The US regulator has received reports including problems such as fire, smoke, burns and other signs of overheating while using the device, it said late Tuesday. The faults deepen the company’s existing issues with sleep devices that have led to costly recalls.
The FDA found a “sharp increase” of more than 270 reports linked to thermal issues with the device since August. Prior to that, it had received fewer than 30 such reports since the device was cleared for marketing in July 2020. The regulator said it doesn’t believe the issue is related to the foam used in the product.
Philips declined as much as 7.7% in Amsterdam. The shares are still up more than a third this year.
Read more: Philips Slides as Order Drop Raises Doubts Over Sales Growth
The company said it’s in talks with the FDA regarding the new reports its Respironics division filed over the last three months, which cover a three-year period following a retrospective review since the launch. It said the devices can continue to be used if safety instructions are followed.
Even if the latest problems are limited to a specific batch or faulty components, they again put Philips in the spotlight over quality or safety, Jefferies analyst James Vane-Tempest said in a note to clients.

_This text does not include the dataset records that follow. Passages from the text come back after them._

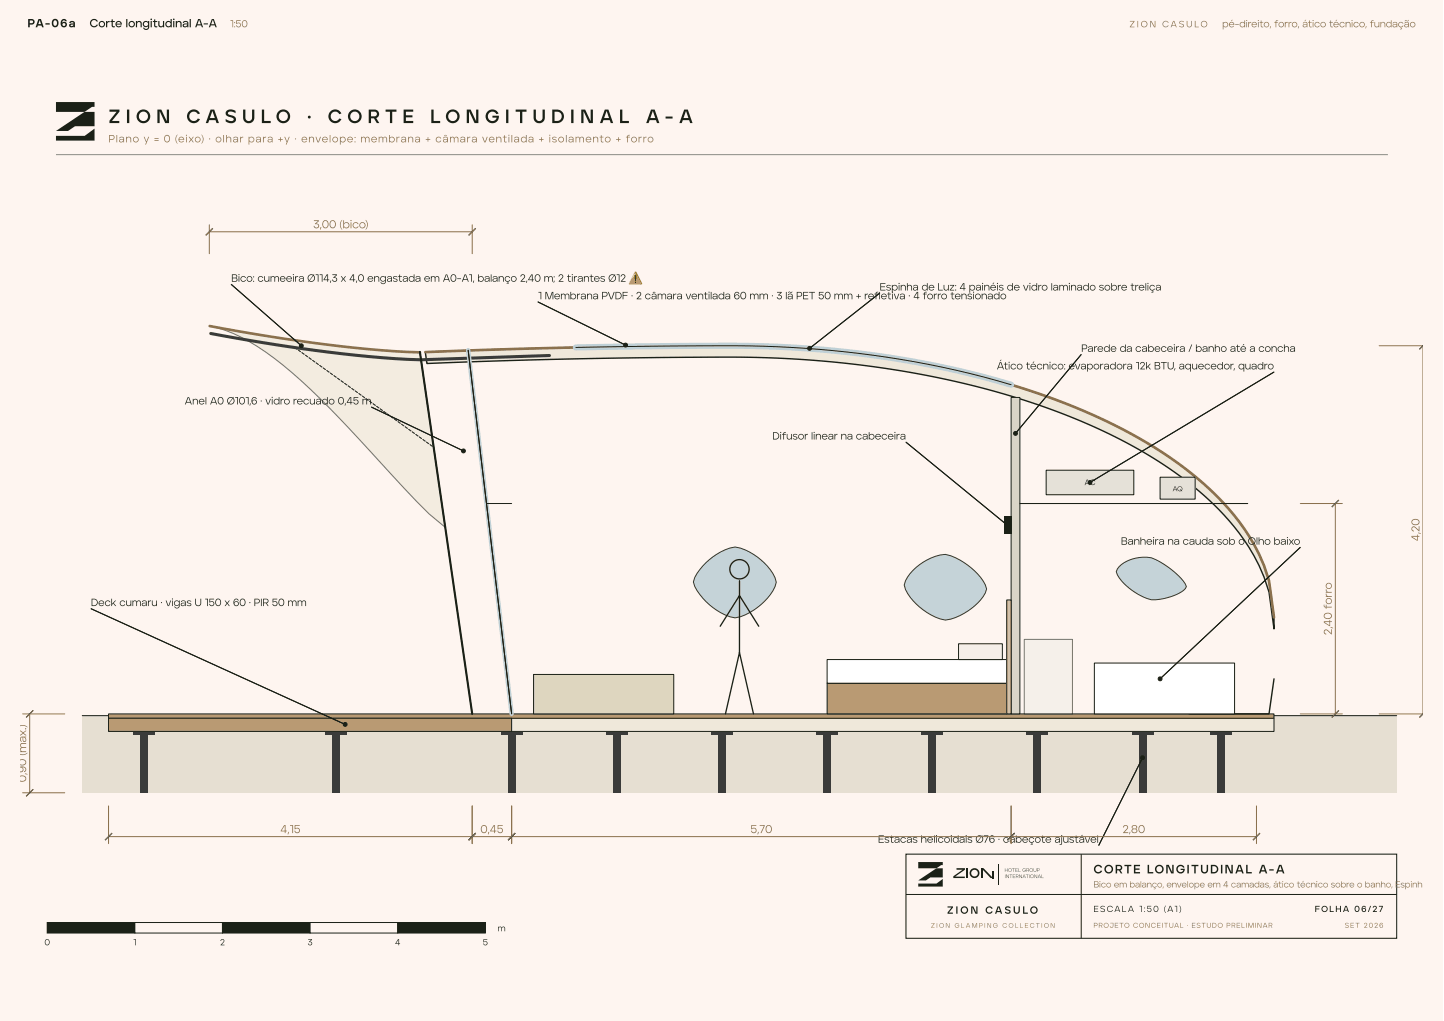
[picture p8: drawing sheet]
<svg xmlns="http://www.w3.org/2000/svg" width="420mm" height="297mm" viewBox="0 0 420 297" stroke-linecap="round" stroke-linejoin="round" font-family="sans-serif">
<defs><g id="words">
<g font-size="5.6" fill="#1b2117">
<text x="31.6" y="35.8">Z I O N</text>
<text x="54.2" y="35.8">C A S U L O</text>
<text x="89.3" y="35.8">·</text>
<text x="95.4" y="35.8">C O R T E</text>
<text x="125.2" y="35.8">L O N G I T U D I N A L</text>
<text x="187.9" y="35.8">A - A</text>
</g>
<text font-size="3.6" fill="#1b2117" x="318.2" y="254.1">CORTE LONGITUDINAL A-A</text>
<g font-size="3.4" fill="#1b2117">
<text x="8" y="7.9">PA-06a</text>
<text x="26" y="7.9">Corte longitudinal A-A</text>
</g>
<g font-size="3.3" fill="#8b714e">
<text x="91.1" y="66.4">3,00 (bico)</text>
<text x="413.1" y="157.4" transform="rotate(-90 413.1 157.4)">4,20</text>
<text x="387.6" y="184.7" transform="rotate(-90 387.6 184.7)">2,40 forro</text>
<text x="7.6" y="227.5" transform="rotate(-90 7.6 227.5)">0,90 (máx.)</text>
<text x="81.6" y="242.4">4,15</text>
<text x="139.8" y="242.4">0,45</text>
<text x="218.4" y="242.4">5,70</text>
<text x="326.6" y="242.4">2,80</text>
</g>
<text font-size="3.1" fill="#8b714e" x="31.6" y="41.4">Plano y = 0 (eixo) · olhar para +y · envelope: membrana + câmara ventilada + isolamento + forro</text>
<g font-size="3.1" fill="#1b2117">
<text x="67.3" y="82">Bico: cumeeira Ø114,3 x 4,0 engastada em A0-A1, balanço 2,40 m; 2 tirantes Ø12 ⚠</text>
<text x="183" y="82">️</text>
<text x="156.5" y="87.1">1 Membrana PVDF · 2 câmara ventilada 60 mm · 3 lã PET 50 mm + refletiva · 4 forro tensionado</text>
<text x="256" y="84.5">Espinha de Luz: 4 painéis de vidro laminado sobre treliça</text>
<text x="290" y="107.5">Ático técnico: evaporadora 12k BTU, aquecedor, quadro</text>
<text x="314.6" y="102.4">Parede da cabeceira / banho até a concha</text>
<text x="53.7" y="117.7">Anel A0 Ø101,6 · vidro recuado 0,45 m</text>
<text x="224.8" y="127.9">Difusor linear na cabeceira</text>
<text x="326.2" y="158.5">Banheira na cauda sob o Olho baixo</text>
<text x="26.5" y="176.3">Deck cumaru · vigas U 150 x 60 · PIR 50 mm</text>
<text x="255.5" y="245.2">Estacas helicoidais Ø76 · cabeçote ajustável</text>
<text x="275.6" y="265.8">Z I O N CA S U LO</text>
</g>
<g font-size="2.9" fill="#8b714e">
<text x="66.9" y="7.9">1:50</text>
<text x="355.7" y="7.9">pé-direito, forro, ático técnico, fundação</text>
</g>
<text font-size="2.6" fill="#8b714e" x="328.7" y="7.9">Z I O N CA S U LO</text>
<text font-size="2.5" fill="#8b714e" x="318.2" y="258.2">Bico em balanço, envelope em 4 camadas, ático técnico sobre o banho, Espinha</text>
<g font-size="2.5" fill="#1b2117">
<text x="318.2" y="265.3">ESCALA 1:50 (A1)</text>
<text x="382.6" y="265.3">FOLHA 06/27</text>
<text x="12.9" y="275">0</text>
<text x="38.7" y="275">1</text>
<text x="64" y="275">2</text>
<text x="89.5" y="275">3</text>
<text x="114.9" y="275">4</text>
<text x="140.5" y="275">5</text>
<text x="144.8" y="270.9">m</text>
</g>
<text font-size="2.3" fill="#1b2117" x="315.6" y="141.1">AC</text>
<text font-size="2" fill="#1b2117" x="341.2" y="142.9">AQ</text>
<g font-size="2" fill="#8b714e">
<text x="318.2" y="269.9">PROJETO CONCEITUAL · ESTUDO PRELIMINAR</text>
<text x="391.3" y="269.9">SET 2026</text>
</g>
<text font-size="1.9" fill="#8b714e" x="270.9" y="269.9">Z I O N G L A M P I N G C O L L E C T I O N</text>
<g font-size="1.5" fill="#1b2117">
<text x="292.3" y="255.4">INTERNATIONAL</text>
<text x="292.3" y="253.6">HOTEL GROUP</text>
</g>
</g></defs>
<path d="M0 0h419.9v297h-419.9z" fill="#fef5f0"/>
<g fill="#1b2117">
<path d="M16.3 29.7h11.2v1.4h-.7l-2.2 1.4h-8.3z"/>
<path d="M16.3 38.1l8.3-5.6h2.9v4.2h-5.7l-2 1.4z"/>
<path d="M16.3 39.5h8.3l2.9-2.1v3.5h-11.2z"/>
</g>
<path d="M16.3 45h387.6" fill="none" stroke="#1b2117" stroke-width=".29"/>
<path d="M23.9 208.2h382.5v22.4h-382.5z" fill="#e6dfd2"/>
<path d="M23.9 208.2h382.5" fill="none" stroke="#1b2117" stroke-width=".29"/>
<g fill="#3a3b3a">
<path d="M40.8 213.3h2v17.3h-2z"/>
<path d="M38.7 212.8h6.1v1h-6.1z"/>
<path d="M96.9 213.3h2v17.3h-2z"/>
<path d="M94.8 212.8h6.1v1h-6.1z"/>
<path d="M147.9 213.3h2v17.3h-2z"/>
<path d="M145.8 212.8h6.1v1h-6.1z"/>
<path d="M178.5 213.3h2v17.3h-2z"/>
<path d="M176.4 212.8h6.1v1h-6.1z"/>
<path d="M209.1 213.3h2v17.3h-2z"/>
<path d="M207 212.8h6.1v1h-6.1z"/>
<path d="M239.7 213.3h2v17.3h-2z"/>
<path d="M237.6 212.8h6.1v1h-6.1z"/>
<path d="M270.3 213.3h2v17.3h-2z"/>
<path d="M268.2 212.8h6.1v1h-6.1z"/>
<path d="M300.9 213.3h2v17.3h-2z"/>
<path d="M298.8 212.8h6.1v1h-6.1z"/>
<path d="M331.5 213.3h2v17.3h-2z"/>
<path d="M329.4 212.8h6.1v1h-6.1z"/>
<path d="M354.4 213.3h2.1v17.3h-2.1z"/>
<path d="M352.4 212.8h6.1v1h-6.1z"/>
</g>
<path d="M31.6 208.9h339.1v3.9h-339.1z" fill="#efe8da"/>
<path d="M31.6 208.9h339.1v3.9h-339.1z" fill="none" stroke="#1b2117" stroke-width=".29"/>
<path d="M31.6 207.7h339.1v1.2h-339.1z" fill="#b99a73"/>
<path d="M31.6 207.7h339.1v1.2h-339.1z" fill="none" stroke="#1b2117" stroke-width=".29"/>
<path d="M31.6 208.9h117.3v3.9h-117.3z" fill="#b99a73"/>
<path d="M31.6 208.9h117.3v3.9h-117.3z" fill="none" stroke="#1b2117" stroke-width=".29"/>
<path d="M123.8 102.4l26.6-.9 25-.6 31.4-.3 14.6 .1a271.2 271.2 0 0 1 87 16 139 139 0 0 1 42 24.2 64.2 64.2 0 0 1 17.4 23.7l1.5 4.3 1.4 10.7v3.3l-1.4-10.6a59.9 59.9 0 0 0-17.4-26.8 133.8 133.8 0 0 0-42.1-24.9 269.4 269.4 0 0 0-88.4-16.6l-14.6-.1-31.2 .3-24.9 .6-26.5 .9z" fill="#efe8da"/>
<path d="M123.8 102.4l26.6-.9 25-.6 31.4-.3 14.6 .1a271.2 271.2 0 0 1 87 16 139 139 0 0 1 42 24.2 64.2 64.2 0 0 1 17.4 23.7l1.5 4.3 1.4 10.7v3.3l-1.4-10.6a59.9 59.9 0 0 0-17.4-26.8 133.8 133.8 0 0 0-42.1-24.9 269.4 269.4 0 0 0-88.4-16.6l-14.6-.1-31.2 .3-24.9 .6-26.5 .9zM370.7 197.5l-1.4 10.2h-23.2" fill="none" stroke="#1b2117" stroke-width=".41"/>
<path d="M123.8 102.4l26.6-.9 25-.6 31.4-.3 14.6 .1a271.2 271.2 0 0 1 87 16 139 139 0 0 1 42 24.2 64.2 64.2 0 0 1 17.4 23.7l1.5 4.3 1.4 10.7" fill="none" stroke="#8b714e" stroke-width=".76"/>
<path d="M61 94.8a428.6 428.6 0 0 0 61.2 7.7l7.4 50.9a132.1 132.1 0 0 1-15.5-15.1 354.6 354.6 0 0 0-29.2-30 60.3 60.3 0 0 0-21.7-13z" fill="#ede6d6"/>
<path d="M61 94.8a428.6 428.6 0 0 0 61.2 7.7l7.4 50.9a132.1 132.1 0 0 1-15.5-15.1 354.6 354.6 0 0 0-29.2-30 60.3 60.3 0 0 0-21.7-13z" fill="none" stroke="#1b2117" stroke-width=".31"/>
<path d="M61 94.8a428.6 428.6 0 0 0 61.2 7.7" fill="none" stroke="#8b714e" stroke-width=".76"/>
<path d="M61.3 97a428.6 428.6 0 0 0 61.2 7.7l37.4-1.3" fill="none" stroke="#3a3b3a" stroke-width=".89"/>
<g fill="#3a3b3a">
<path d="M85.7 101l.8 .6zM86.7 101.8l.9 .6zM87.8 102.5l.8 .6zM88.8 103.3l.8 .6zM89.8 104l.9 .6zM90.9 104.8l.8 .5zM91.9 105.5l.8 .6zM92.9 106.2l.9 .6zM94 107l.8 .6zM95 107.7l.8 .6zM96.1 108.5l.8 .6zM97.1 109.2l.8 .6zM98.1 110l.9 .6zM99.2 110.7l.8 .6zM100.2 111.4l.8 .6zM101.2 112.2l.9 .6zM102.3 112.9l.8 .6zM103.3 113.7l.8 .6zM104.3 114.4l.9 .6zM105.4 115.2l.8 .6zM106.4 115.9l.8 .6zM107.4 116.6l.9 .6zM108.5 117.4l.8 .6zM109.5 118.1l.8 .6zM110.6 118.9l.8 .6zM111.6 119.6l.8 .6zM112.6 120.4l.9 .6zM113.7 121.1l.8 .6zM114.7 121.9l.8 .5zM115.7 122.6l.9 .6zM116.8 123.3l.8 .6zM117.8 124.1l.8 .6zM118.8 124.8l.9 .6zM119.9 125.6l.8 .6zM120.9 126.3l.8 .6zM121.9 127.1l.9 .5zM123 127.8l.8 .6zM124 128.5l.8 .6zM125.1 129.3l.8 .6zM126.1 130.1a.13 .13 0 0 1 .2 0 .13 .13 0 0 1-.2 0z"/>
<path d="M85.7 101l.8 .6zM86.7 101.8l.9 .6zM87.8 102.5l.8 .6zM88.8 103.3l.8 .6zM89.8 104l.9 .6zM90.9 104.8l.8 .5zM91.9 105.5l.8 .6zM92.9 106.2l.9 .6zM94 107l.8 .6zM95 107.7l.8 .6zM96.1 108.5l.8 .6zM97.1 109.2l.8 .6zM98.1 110l.9 .6zM99.2 110.7l.8 .6zM100.2 111.4l.8 .6zM101.2 112.2l.9 .6zM102.3 112.9l.8 .6zM103.3 113.7l.8 .6zM104.3 114.4l.9 .6zM105.4 115.2l.8 .6zM106.4 115.9l.8 .6zM107.4 116.6l.9 .6zM108.5 117.4l.8 .6zM109.5 118.1l.8 .6zM110.6 118.9l.8 .6zM111.6 119.6l.8 .6zM112.6 120.4l.9 .6zM113.7 121.1l.8 .6zM114.7 121.9l.8 .5zM115.7 122.6l.9 .6zM116.8 123.3l.8 .6zM117.8 124.1l.8 .6zM118.8 124.8l.9 .6zM119.9 125.6l.8 .6zM120.9 126.3l.8 .6zM121.9 127.1l.9 .5zM123 127.8l.8 .6zM124 128.5l.8 .6zM125.1 129.3l.8 .6zM126.1 130.1a.13 .13 0 0 1 .2 0 .13 .13 0 0 1-.2 0z"/>
</g>
<path d="M122.2 102.4l15.2 105.3zM136.2 101.9l12.7 105.8z" fill="#000"/>
<path d="M122.2 102.4l15.2 105.3" fill="none" stroke="#1b2117" stroke-width=".61"/>
<path d="M136.2 101.9l12.7 105.8" fill="none" stroke="#bfd0d6" stroke-width="1.3"/>
<path d="M136.2 101.9l12.7 105.8M167.6 101.1l29.5-.5a348.5 348.5 0 0 1 61.2 3.3 260.3 260.3 0 0 1 35.9 8M141.6 146.5h7.3" fill="none" stroke="#1b2117" stroke-width=".29"/>
<path d="M167.6 101.1l29.5-.5a348.5 348.5 0 0 1 61.2 3.3 260.3 260.3 0 0 1 35.9 8" fill="none" stroke="#bfd0d6" stroke-width="1.8"/>
<path d="M294.2 115.6h2.6v92.1h-2.6z" fill="#d9d4c7"/>
<path d="M294.2 115.6h2.6v92.1h-2.6z" fill="none" stroke="#1b2117" stroke-width=".29"/>
<path d="M296.8 146.5h66.3" fill="none" stroke="#1b2117" stroke-width=".31"/>
<path d="M304.4 136.8h25.5v7.1h-25.5z" fill="#e5e1d8"/>
<path d="M304.4 136.8h25.5v7.1h-25.5z" fill="none" stroke="#1b2117" stroke-width=".29"/>
<path d="M337.6 138.8h10.2v6.4h-10.2z" fill="#e5e1d8"/>
<path d="M337.6 138.8h10.2v6.4h-10.2z" fill="none" stroke="#1b2117" stroke-width=".29"/>
<path d="M292.2 150.3h2v5.1h-2z" fill="#1b2117"/>
<path d="M240.7 198.7h52.3v9h-52.3z" fill="#b99a73"/>
<path d="M240.7 198.7h52.3v9h-52.3z" fill="none" stroke="#1b2117" stroke-width=".29"/>
<path d="M240.7 191.9h52.3v6.8h-52.3z" fill="#fff"/>
<path d="M240.7 191.9h52.3v6.8h-52.3z" fill="none" stroke="#1b2117" stroke-width=".29"/>
<path d="M278.9 187.3h12.8v4.6h-12.8z" fill="#f4efe8"/>
<path d="M278.9 187.3h12.8v4.6h-12.8z" fill="none" stroke="#1b2117" stroke-width=".29"/>
<path d="M293 174.5h1.2v33.2h-1.2z" fill="#d9c4a3"/>
<path d="M293 174.5h1.2v33.2h-1.2z" fill="none" stroke="#1b2117" stroke-width=".29"/>
<path d="M155.3 196.2h40.8v11.5h-40.8z" fill="#ded6bf"/>
<path d="M155.3 196.2h40.8v11.5h-40.8z" fill="none" stroke="#1b2117" stroke-width=".29"/>
<path d="M318.5 192.9h40.8v14.8h-40.8z" fill="#fff"/>
<path d="M318.5 192.9h40.8v14.8h-40.8z" fill="none" stroke="#1b2117" stroke-width=".29"/>
<path d="M298.1 186h14v21.7h-14z" fill="#efede6"/>
<path d="M298.1 186h14v21.7h-14z" fill="none" stroke="#1b2117" stroke-width=".29"/>
<path d="M205.4 163.7l2-1.7a15.3 15.3 0 0 1 6.5-2.9 17.1 17.1 0 0 1 11.6 8.9l.4 1.4a15.6 15.6 0 0 1-7.7 8.8l-1.3 .7a5.4 5.4 0 0 1-5.9 0 19.3 19.3 0 0 1-8.8-8.3l-.4-1.3a11.4 11.4 0 0 1 3.6-5.6z" fill="#bfd0d6"/>
<path d="M205.4 163.7l2-1.7a15.3 15.3 0 0 1 6.5-2.9 17.1 17.1 0 0 1 11.6 8.9l.4 1.4a15.6 15.6 0 0 1-7.7 8.8l-1.3 .7a5.4 5.4 0 0 1-5.9 0 19.3 19.3 0 0 1-8.8-8.3l-.4-1.3a11.4 11.4 0 0 1 3.6-5.6z" fill="none" stroke="#1b2117" stroke-width=".29"/>
<path d="M265.7 165.9a15.6 15.6 0 0 1 9.4-4.6 19.1 19.1 0 0 1 11.6 8.8l.4 1.2a12.1 12.1 0 0 1-5.5 6.5l-1.1 .6a14.1 14.1 0 0 1-5.4 2 17.6 17.6 0 0 1-11.6-8.9l-.4-1.3a8.8 8.8 0 0 1 2.6-4.3z" fill="#bfd0d6"/>
<path d="M265.7 165.9a15.6 15.6 0 0 1 9.4-4.6 19.1 19.1 0 0 1 11.6 8.8l.4 1.2a12.1 12.1 0 0 1-5.5 6.5l-1.1 .6a14.1 14.1 0 0 1-5.4 2 17.6 17.6 0 0 1-11.6-8.9l-.4-1.3a8.8 8.8 0 0 1 2.6-4.3z" fill="none" stroke="#1b2117" stroke-width=".29"/>
<path d="M325.7 164.8a10.4 10.4 0 0 1 10.6-2 23.3 23.3 0 0 1 8.6 7.1l.3 .7a7.1 7.1 0 0 1-4.6 3 10.1 10.1 0 0 1-10.2-1.2 13.1 13.1 0 0 1-5.6-6.1z" fill="#bfd0d6"/>
<path d="M156.5 87.8l25.5 12.6M325.7 164.8a10.4 10.4 0 0 1 10.6-2 23.3 23.3 0 0 1 8.6 7.1l.3 .7a7.1 7.1 0 0 1-4.6 3 10.1 10.1 0 0 1-10.2-1.2 13.1 13.1 0 0 1-5.6-6.1z" fill="none" stroke="#1b2117" stroke-width=".29"/>
<g fill="none" stroke="#1b2117" stroke-width=".38">
<path d="M215.2 168.9v20.9M209.6 182.2l5.6-9 5.6 9M215.2 189.8l-4.1 17.9M215.2 189.8l4.1 17.9"/>
<circle cx="215.2" cy="165.6" r="2.8"/>
</g>
<path d="M156.5 87.8l25.5 12.6z" fill="#000"/>
<circle cx="182" cy="100.4" r=".56" fill="#1b2117"/>
<g fill="none" stroke="#1b2117" stroke-width=".29">
<path d="M256 85.3l-20.4 16"/>
<circle cx="182" cy="100.4" r=".56"/>
</g>
<path d="M235.6 101.3l20.4-16z" fill="#000"/>
<circle cx="235.6" cy="101.3" r=".56" fill="#1b2117"/>
<g fill="none" stroke="#1b2117" stroke-width=".29">
<path d="M314.6 103.1l-19.1 23"/>
<circle cx="235.6" cy="101.3" r=".56"/>
</g>
<path d="M314.6 103.1l-19.1 23z" fill="#000"/>
<circle cx="295.5" cy="126.1" r=".56" fill="#1b2117"/>
<g fill="none" stroke="#1b2117" stroke-width=".29">
<path d="M370.7 108.2l-53.5 32.2"/>
<circle cx="295.5" cy="126.1" r=".56"/>
</g>
<path d="M317.2 140.4l53.5-32.2z" fill="#000"/>
<circle cx="317.2" cy="140.4" r=".56" fill="#1b2117"/>
<g fill="none" stroke="#1b2117" stroke-width=".29">
<path d="M263.6 128.6l29.6 24.3"/>
<circle cx="317.2" cy="140.4" r=".56"/>
</g>
<path d="M263.6 128.6l29.6 24.3z" fill="#000"/>
<circle cx="293.2" cy="152.9" r=".56" fill="#1b2117"/>
<g fill="none" stroke="#1b2117" stroke-width=".29">
<path d="M108.1 118.4l26.8 12.8"/>
<circle cx="293.2" cy="152.9" r=".56"/>
</g>
<path d="M108.1 118.4l26.8 12.8z" fill="#000"/>
<circle cx="134.9" cy="131.2" r=".56" fill="#1b2117"/>
<g fill="none" stroke="#1b2117" stroke-width=".29">
<path d="M67.3 82.7l20.4 17.9"/>
<circle cx="134.9" cy="131.2" r=".56"/>
</g>
<path d="M67.3 82.7l20.4 17.9z" fill="#000"/>
<circle cx="87.7" cy="100.6" r=".56" fill="#1b2117"/>
<g fill="none" stroke="#1b2117" stroke-width=".29">
<path d="M26.5 177.1l73.9 33.6"/>
<circle cx="87.7" cy="100.6" r=".56"/>
</g>
<path d="M26.5 177.1l73.9 33.6z" fill="#000"/>
<circle cx="100.4" cy="210.7" r=".56" fill="#1b2117"/>
<g fill="none" stroke="#1b2117" stroke-width=".29">
<path d="M378.4 159.2l-40.8 38.3"/>
<circle cx="100.4" cy="210.7" r=".56"/>
</g>
<path d="M337.6 197.5l40.8-38.3z" fill="#000"/>
<circle cx="337.6" cy="197.5" r=".56" fill="#1b2117"/>
<g fill="none" stroke="#1b2117" stroke-width=".29">
<path d="M332.5 220.4l-12.8 25.5"/>
<circle cx="337.6" cy="197.5" r=".56"/>
</g>
<path d="M332.5 220.4l-12.8 25.5z" fill="#000"/>
<circle cx="332.5" cy="220.4" r=".56" fill="#1b2117"/>
<circle cx="332.5" cy="220.4" r=".56" fill="none" stroke="#1b2117" stroke-width=".29"/>
<g fill="none" stroke="#8b714e" stroke-width=".29">
<path d="M60.9 65.4v8.4M60.9 67.4h76.5M61.9 66.4l-2 2M137.4 65.4v8.4M138.4 66.4l-2 2M401.3 100.6h12.8M414.1 100.6v107.1h-12.8M414.1 100.5l-1 1.1M378.4 146.5h12.2M388.6 146.5v61.2M389.6 145.5l-2 2M6.6 207.7h12.2"/>
<path d="M8.6 207.7v22.9M9.7 206.7l-2.1 2M378.4 207.7h12.2M389.6 206.7l-2 2M414.1 207.6l-1 1.1M6.6 230.6h12.2M9.7 229.6l-2.1 2M31.6 234.4v11M137.4 234.4v11M148.9 234.4v11M294.2 234.4v11M365.6 234.4v11"/>
<path d="M31.6 243.4h334M32.6 242.4l-2 2M138.4 242.4l-2 2M149.9 242.4l-2 2M295.3 242.4l-2.1 2M366.7 242.4l-2.1 2"/>
</g>
<g fill="#000">
<path d="M61.9 66.4l-2 2zM138.4 66.4l-2 2zM414.1 99.6l-1 2zM387.6 147.5l2-2zM7.6 208.7l2.1-2zM387.6 208.7l2-2zM414.1 206.7l-1 2zM7.6 231.6l2.1-2zM30.6 244.4l2-2zM136.4 244.4l2-2zM147.9 244.4l2-2zM293.2 244.4l2.1-2z"/>
<path d="M364.6 244.4l2.1-2z"/>
</g>
<path d="M13.7 268.4h25.5v3h-25.5z" fill="#1b2117"/>
<path d="M13.7 268.4h25.5v3h-25.5z" fill="none" stroke="#1b2117" stroke-width=".29"/>
<path d="M39.2 268.4h25.5v3h-25.5z" fill="#fef5f0"/>
<path d="M39.2 268.4h25.5v3h-25.5z" fill="none" stroke="#1b2117" stroke-width=".29"/>
<path d="M64.7 268.4h25.5v3h-25.5z" fill="#1b2117"/>
<path d="M64.7 268.4h25.5v3h-25.5z" fill="none" stroke="#1b2117" stroke-width=".29"/>
<path d="M90.2 268.4h25.5v3h-25.5z" fill="#fef5f0"/>
<path d="M90.2 268.4h25.5v3h-25.5z" fill="none" stroke="#1b2117" stroke-width=".29"/>
<path d="M115.7 268.4h25.5v3h-25.5z" fill="#1b2117"/>
<path d="M115.7 268.4h25.5v3h-25.5z" fill="none" stroke="#1b2117" stroke-width=".29"/>
<path d="M263.6 248.5h142.8v24.5h-142.8z" fill="#fef5f0"/>
<path d="M263.6 248.5h142.8v24.5h-142.8z" fill="none" stroke="#1b2117" stroke-width=".31"/>
<path d="M314.6 248.5v24.5M263.6 260.2h142.8" fill="none" stroke="#1b2117" stroke-width=".29"/>
<g fill="#1b2117">
<path d="M267.2 250.8h7.1v.9h-.4l-1.4 .9h-5.3z"/>
<path d="M267.2 256.1l5.3-3.5h1.8v2.6h-3.6l-1.3 .9z"/>
<path d="M267.2 257h5.3l1.8-1.3v2.2h-7.1z"/>
<path d="M278.3 252.6h2.5v.4l-2.9 2h2.9v.4h-3.4v-.5l2.7-1.9h-1.8z"/>
<path d="M281.3 252.6h.4v2.8h-.4z"/>
</g>
<circle cx="283.6" cy="254" r="1.2" fill="none" stroke="#1b2117" stroke-width=".47"/>
<path d="M285.6 252.6v2.8" fill="none" stroke="#1b2117" stroke-width=".42"/>
<g fill="#1b2117">
<path d="M285.6 252.6h.6l2.8 2.8h-.7z"/>
<path d="M288.6 253.4h.5v2h-.5z"/>
</g>
<path d="M290.7 251.3v6.1" fill="none" stroke="#1b2117" stroke-width=".29"/>
<use href="#words"/>
</svg>

The Dutch manufacturer has long struggled with its sleep therapy products. In June 2021, it began a recall of certain devices after health concerns related to disintegrating noise-dampening foam inside the machines. The FDA has labeled the foam problems a Class 1 issue, the most serious type.
Philips has set aside about €1 billion ($1.1 billion) for the recall of some 5.5 million devices, and in September agreed to pay at least $479 million to resolve some of the litigation. But Philips is still facing class-action and potentially thousands of individual lawsuits in the matter. Chief Executive Officer Roy Jakobs, who took over in October of last year, has warned that the consequences from the recall may last for years.
Read more: Philips May Deal With Recall Fallout for 7 More Years, CEO Says
The FDA said the DreamStation 2 machines are manufactured with a silicone-based foam and not polyester-based polyurethane foam used in the recalled devices. Some of these products were, however, distributed as replacements for users whose machines were affected by the recall.
The regulator says reports it has analyzed indicate the thermal issues may be related to an electrical or a mechanical malfunction of the product.
(Updates with analyst comment in seventh paragraph.)